Müşrikler onun Allah tarafından vahyolunmadığını, önceki insanların haberlerinden derleme olduğunu söylemek istiyorlardı . Eğer iddia ettikleri gibi, öncekilerin haberlerinden derleme olsaydı, benzer kitaplar vücuda getirilirdi. İnsanların bilgi açısından tekâmül ettikleri bilinen bir gerçektir. Bu itibarla Kur'an'a ilk muhatap olan Arapların bilgi düzeyleri, onlardan çok önce yaşamış olan insanlardan daha ileride olması gerekir. Eğer öncekiler ona kaynaklık edebilmişlerse, sonrakiler bilgi açısından daha ileride bulunduklarından onların eserlerinin benzerini meydana getirmekten aciz olmamaları gerekirdi. Oysa gerçek durum şudur: Benzerini meydana getirmek şöyle dursun insanlık tekâmül ettikçe Kur'an'ın hakkaniyetini daha iyi anlıyor.

4. O, “karmakarışık rüyalar, şiir, sihir...” değildir. Arapların söz söyleme şekilleri çeşitlidir; hutbe, secî, mesel, veciz ve şiir gibi. Hz. Peygamber (s.a.s.) kelimenin sırrını bilip hürmet gösteren, sihrinin farkında olan bir ümmete gönderildi. Bu ümmetin fertleri şiir mevhibesiyle rızıklanmış, fesâhat ve belâğatı takdir ediyorlardı. Buna rağmen Hz. Peygamber'e belâğat ve fesahatin en yüksek mertebesinde olan Kur'an verilince nübüvvet ve risalet ridasından tecrit etmek için ona şairlik isnat ettiler. “Hayır, dediler, Muhammed'in söyledikleri karmakarışık rüyalardır, hayır onu uydurmuş, hayır o şairdir. Eğer bizim kendisine inanmamızı istiyorsa o zaman bize öncekilerin mucizelerle gönderildikleri gibi o da bir mucize getirsin” (Enbiyâ: 21/5).

Kur'an ele almaya değer bulmadığından onların “karmakarışık rüyalar” iddialarına cevap bile vermez. Şiir olduğu iddialarını Kur'an ile şiir arasındaki açık farkı belirterek reddeder ve bunu onların kıt düşüncelerine verir. “O Kur'an elbette değerli bir rasûlün sözüdür. O, bir şairin sözü değildir. Ne az inanıyorsunuz! Bir kâhinin sözü de değildir. Ne az düşünüyorsunuz! O, âlemlerin Rabbi tarafından indirilmiştir” (69/40-43).
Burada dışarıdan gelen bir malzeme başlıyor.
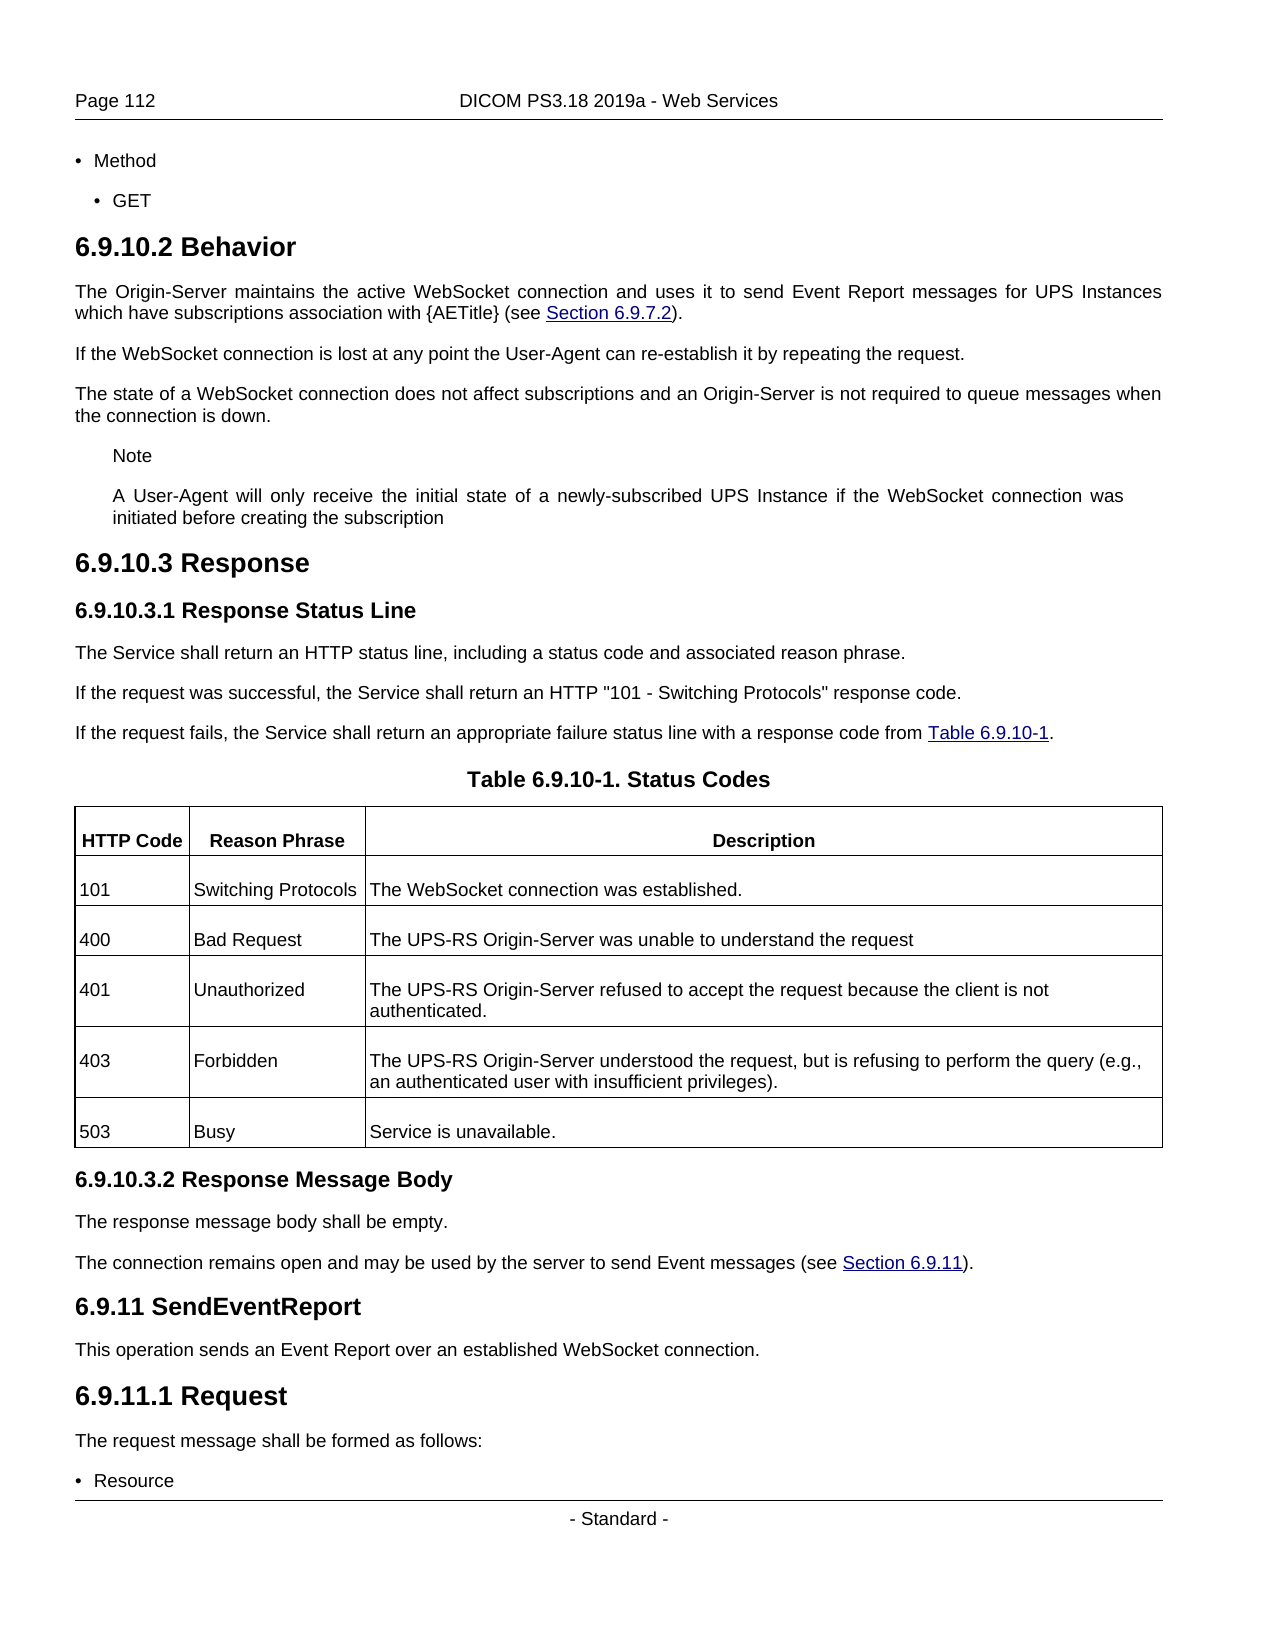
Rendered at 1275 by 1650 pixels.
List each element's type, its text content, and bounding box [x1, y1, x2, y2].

5. Kur'an kâhin ve sâhir sözü değildir. Tarih boyunca müşrikler ilâhî tebliği kabule yanaşmamak için peygamberlere “sihir” isnat etmişlerdir. Hz. Süleyman (Bakara: 2/102), Hz. İsâ (Mâide: 5/110), Hz. Mûsâ, (Yûnus: 10/76 sihir ithamına maruz kalmışlardır.

Muarızları Hz. Peygamber'e “kâhin”, “sâhir” derken Kur'an'a karşı da “sihirdir” deyip yüz çevirdiler (Hûd: 11/7). O zamanki Arabistan'da “kâhin”, gaybı haber veren adama; “sâhir” ise garip işler yapan kimseye denirdi. Şayet Rasûl-i Ekrem gayb den haber vermemiş, garip işler göstermemiş olsaydı, müşriklerin ona “kâhin”, “sâhir” demelerine mahal kalmazdı .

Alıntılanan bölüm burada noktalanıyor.